Marriage Equality California
- Founded: 1999
- Founder: L.J. Carusone, Mark Levine
- Dissolved: Merged with Equality California in 2004
- Type: 501(c)(3)
- Focus: Gay rights
- Location: Venice, California, US;
- Region served: California, US
- Method: Campaigning, Advocacy, Public Speaking

= Marriage Equality California =

Former LGBT rights organization

Marriage Equality California (Marriage Equality CA, or MECA) is the now defunct California chapter of Marriage Equality USA. Founded in 1999, MECA was the grassroots organization fighting to secure the legal recognition of same-sex marriage through education and outreach in California. Its mission statement is to secure the freedom and the right of same-sex couples to enter into legally recognized civil marriage, having all the federal and state benefits and responsibilities which that entails. Marriage Equality California merged with Equality California in 2004. Most of the work performed by Marriage Equality California is now performed as a local project of its original parent organization Marriage Equality USA.

==History==

Under the leadership of L.J. Carusone and Mark Levine, the Marriage Equality California Chapter was created. On February 14, 2000, at a protest in Beverly Hills, Marriage Equality California became one of the first marriage-equality organizations in the country to organize a "mass-marriage protest" at a city clerk's offices on Valentine's Day, a tradition that has continued every February and spread throughout the 58 counties of California and to New York City. Levine writes he:

promised the police and court officials that we would not be violent in any way. And court officials, in turn, graciously agreed to waive the marriage license fee, since we all knew they would reject our attempts to get married. I remember it was a beautiful day, and a joyful one: We all smiled ear-to-ear knowing we were attempting something that was then impossible but which every one of us thought would eventually become possible.

Marriage Equality California was entirely volunteer driven with no paid staff, and educated Californians through rallies & demonstrations, educational programs, outreach, and media representation.

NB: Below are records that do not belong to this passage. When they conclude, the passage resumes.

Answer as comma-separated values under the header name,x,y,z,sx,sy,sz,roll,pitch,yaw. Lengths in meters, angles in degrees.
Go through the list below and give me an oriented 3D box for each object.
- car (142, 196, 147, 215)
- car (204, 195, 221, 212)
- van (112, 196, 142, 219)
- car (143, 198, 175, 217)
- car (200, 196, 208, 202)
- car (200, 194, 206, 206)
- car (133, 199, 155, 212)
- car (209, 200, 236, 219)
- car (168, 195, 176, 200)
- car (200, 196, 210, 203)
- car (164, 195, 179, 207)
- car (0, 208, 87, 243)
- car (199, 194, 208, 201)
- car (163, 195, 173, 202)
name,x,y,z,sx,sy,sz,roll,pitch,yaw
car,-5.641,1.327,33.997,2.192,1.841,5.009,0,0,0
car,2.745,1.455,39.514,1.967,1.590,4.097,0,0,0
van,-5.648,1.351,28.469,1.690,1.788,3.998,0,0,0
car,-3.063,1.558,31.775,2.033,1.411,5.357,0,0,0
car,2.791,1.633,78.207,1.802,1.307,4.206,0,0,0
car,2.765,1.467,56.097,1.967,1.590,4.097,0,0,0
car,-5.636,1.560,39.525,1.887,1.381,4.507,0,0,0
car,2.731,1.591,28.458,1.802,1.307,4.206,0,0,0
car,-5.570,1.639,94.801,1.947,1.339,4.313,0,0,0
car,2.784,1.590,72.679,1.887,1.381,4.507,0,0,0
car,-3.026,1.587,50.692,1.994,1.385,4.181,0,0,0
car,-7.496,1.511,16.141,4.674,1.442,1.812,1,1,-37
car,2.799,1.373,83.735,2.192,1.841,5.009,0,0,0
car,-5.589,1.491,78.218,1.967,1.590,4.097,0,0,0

From 1999 to 2002, Marriage Equality California was the primary advocate for marriage equality in California, and was an advocate for California Assembly bill 1338, California's first civil-unions bill and the second civil-unions bill in the nation after Vermont's. Introduced February 23, 2001, AB 1338 was the first law in the United States that would have given full state and federal marriage rights to gay and lesbian couples. (Vermont gave only state rights.) The original version of AB 1338 providing the option for same sex-couples in California to enter into a civil union after the original legislation, co-drafted by co-founder Mark Levine was withdrawn, according to him, for being too "pro-equality" for gay people.